В самое последнее время воздействие его личности сперва по нисходящей, а затем медленно, но верно и по восходящей линии, было осознано и самим молодым человеком, и когда он с этой позиции пробудившегося вглядывался назад, он видел обе линии как бы проходящими через всю его жизнь и определяющими ее, начиная с самого детства: с одной стороны, это была искательная дружба, которой его дарили товарищи и младшие школьники, с другой – благосклонное внимание начальства. Бывали, правда, и исключения, как, например, в случае с директором Цбинденом, но зато и такие отличия, как благоволение Магистра музыки, а теперь, совсем недавно, господина Дюбуа и даже самого Магистра Игры.
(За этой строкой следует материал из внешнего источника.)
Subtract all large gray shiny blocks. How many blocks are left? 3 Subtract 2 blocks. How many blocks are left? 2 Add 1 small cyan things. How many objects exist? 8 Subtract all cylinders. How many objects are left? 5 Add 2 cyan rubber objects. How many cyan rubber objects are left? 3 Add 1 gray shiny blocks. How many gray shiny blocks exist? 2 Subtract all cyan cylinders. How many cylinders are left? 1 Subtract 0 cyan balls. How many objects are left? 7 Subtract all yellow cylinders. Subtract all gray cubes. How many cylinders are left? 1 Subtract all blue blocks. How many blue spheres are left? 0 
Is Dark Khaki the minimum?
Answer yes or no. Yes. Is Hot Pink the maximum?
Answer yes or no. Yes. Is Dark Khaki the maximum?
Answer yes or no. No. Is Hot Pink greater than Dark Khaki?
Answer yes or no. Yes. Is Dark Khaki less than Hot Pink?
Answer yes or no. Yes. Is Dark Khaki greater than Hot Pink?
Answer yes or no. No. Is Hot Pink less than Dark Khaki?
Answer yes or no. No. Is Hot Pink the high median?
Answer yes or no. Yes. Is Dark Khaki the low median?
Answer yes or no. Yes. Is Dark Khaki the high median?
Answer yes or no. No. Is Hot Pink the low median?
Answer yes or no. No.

Это было очень заметно, и все же Кнехт раньше никогда ничего не замечал, не хотел замечать. Скорей всего, то и был предназначенный ему путь: словно бы само собой, безо всяких усилий с его стороны, повсюду попадать в избранные, в элиту, окружать себя обожающими друзьями и высокопоставленными покровителями, но это был путь, не позволяющий останавливаться у подножия иерархии, а приказывавший неустанно подниматься к вершине, к свету, осеняющему ее. Нет, ему не суждено оставаться ни субалтерном, ни вольным ученым, он призван повелевать. И как раз то, что он это заметил позднее, чем другие, находящиеся в равном с ним положении, и придавало ему то неуловимое очарование, ту самую ноту целомудрия. Но почему он заметил это так поздно, испытав при этом такое неприятное чувство? Да потому, что повелевать не было его потребностью, не доставляло ему никакого удовлетворения, потому что сам он жаждал созерцательной жизни, а не активной, и был бы весьма доволен, если бы ему удалось еще несколько лет оставаться никем не замеченным студентом, любознательным и благоговейным паломником, посещающим святыни прошлого, соборы музыки, сады и леса мифологии, языков и идей. Теперь же, видя, что его неумолимо толкают к vita activa[72], on гораздо острей, чем прежде, ощутил всю напряженность конкурентной борьбы честолюбий в своем кругу, почувствовал, что его целомудрию грозит опасность, что ему более не удастся его сохранить. И тогда он понял, что все предначертанное и указанное, хотя и нежеланное, он должен теперь желать и признавать, иначе ему не избавиться от ощущения пленничества и тоски по утраченной свободе последних десяти лет, а так как он внутренне еще не был готов для этого, то воспринял своевременное расставание с Вальдцелем, с Провинцией и путешествие в «мир» как некое спасение.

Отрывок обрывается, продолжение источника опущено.